• EXERCISE MATERIALS:

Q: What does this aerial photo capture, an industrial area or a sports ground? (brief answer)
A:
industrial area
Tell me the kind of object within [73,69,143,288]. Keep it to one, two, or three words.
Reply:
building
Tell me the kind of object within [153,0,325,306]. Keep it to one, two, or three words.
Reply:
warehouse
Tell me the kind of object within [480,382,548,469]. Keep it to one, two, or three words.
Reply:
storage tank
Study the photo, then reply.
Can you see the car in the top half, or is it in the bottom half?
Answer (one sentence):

...

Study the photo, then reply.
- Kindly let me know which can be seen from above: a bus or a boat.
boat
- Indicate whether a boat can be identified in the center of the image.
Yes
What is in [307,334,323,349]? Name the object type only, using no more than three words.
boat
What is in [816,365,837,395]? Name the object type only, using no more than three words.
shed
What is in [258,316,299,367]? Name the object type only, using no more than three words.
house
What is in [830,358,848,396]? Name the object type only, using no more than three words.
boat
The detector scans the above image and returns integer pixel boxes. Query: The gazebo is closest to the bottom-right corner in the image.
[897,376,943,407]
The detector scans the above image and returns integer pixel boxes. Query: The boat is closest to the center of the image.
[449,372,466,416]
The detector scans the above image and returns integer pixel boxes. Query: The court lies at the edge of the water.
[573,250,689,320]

• TASK TO COMPLETE: In the listing above, find the line containing "Q: What does" and the line containing "Tell me the kind of object within [153,0,325,306].", then quote both, plus every line between them, exactly as written.

• TASK OUTPUT:
Q: What does this aerial photo capture, an industrial area or a sports ground? (brief answer)
A:
industrial area
Tell me the kind of object within [73,69,143,288]. Keep it to one, two, or three words.
Reply:
building
Tell me the kind of object within [153,0,325,306]. Keep it to one, two, or three words.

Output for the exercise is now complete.